The 2x2 transformation matrix consists of four floating point factors:

sx:

Specifies the amount of scaling on the x axis. This must not be zero. If it is negative, the image is flipped on the y axis.

rx:

Specifies the amount of rotation on the x axis. This can be 0.

ry:

Specifies the amount of rotation on the y axis. This can be 0.

sy:

Specifies the amount of scaling on the y axis. This must not be zero. If it is negative, the image is flipped on the x axis.

The identity matrix is defined as

( 1 0 ) ( 0 1 )

If you pass this matrix, then no transformation will be applied because there is no rotation and no scaling defined. I.e. if Hollywood applied this matrix to every pixel in your brush, the result would be just a copy of the brush. But of course, if TransformBrush() detects that you passed an identity matrix, it will return immediately and do nothing.

The optional argument smooth can be set to True if Hollywood shall use interpolation during the transformation. This yields results that look better but interpolation is quite slow.

Please note: You should always do transformation operations using the original brush. For instance, if you transform brush 1 to 12x8 pixels and then transform it back to 640x480, you will get a messed image. Therefore you should always keep the original brush and transform only copies of it.

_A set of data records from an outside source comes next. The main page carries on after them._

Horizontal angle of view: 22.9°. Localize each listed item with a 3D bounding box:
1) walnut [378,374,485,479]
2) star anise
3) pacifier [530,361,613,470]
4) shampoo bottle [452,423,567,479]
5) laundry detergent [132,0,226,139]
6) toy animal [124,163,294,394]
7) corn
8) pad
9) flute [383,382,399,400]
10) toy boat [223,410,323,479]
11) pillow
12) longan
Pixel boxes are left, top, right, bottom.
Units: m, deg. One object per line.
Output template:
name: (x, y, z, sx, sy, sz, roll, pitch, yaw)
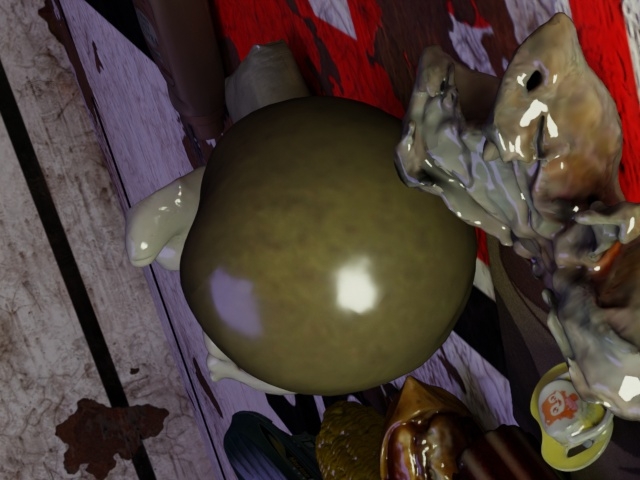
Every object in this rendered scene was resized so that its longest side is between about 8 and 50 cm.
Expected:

Note that for vector brushes, TransformBrush() will always operate on the untransformed brush. This means that any previous transformations applied to the brush using TransformBrush(), ScaleBrush(), or RotateBrush() will be undone when calling TransformBrush().

id

identifier of the brush to be transformed

sx

scale x factor; must never be 0

rx

rotate x factor

ry

rotate y factor

sy

scale y factor; must never be 0

smooth

optional: whether or not affine transformation should use interpolation

angle = Rad(45)    ; convert degrees to radians
TransformBrush(1, Cos(angle), Sin(angle), -Sin(angle), Cos(angle))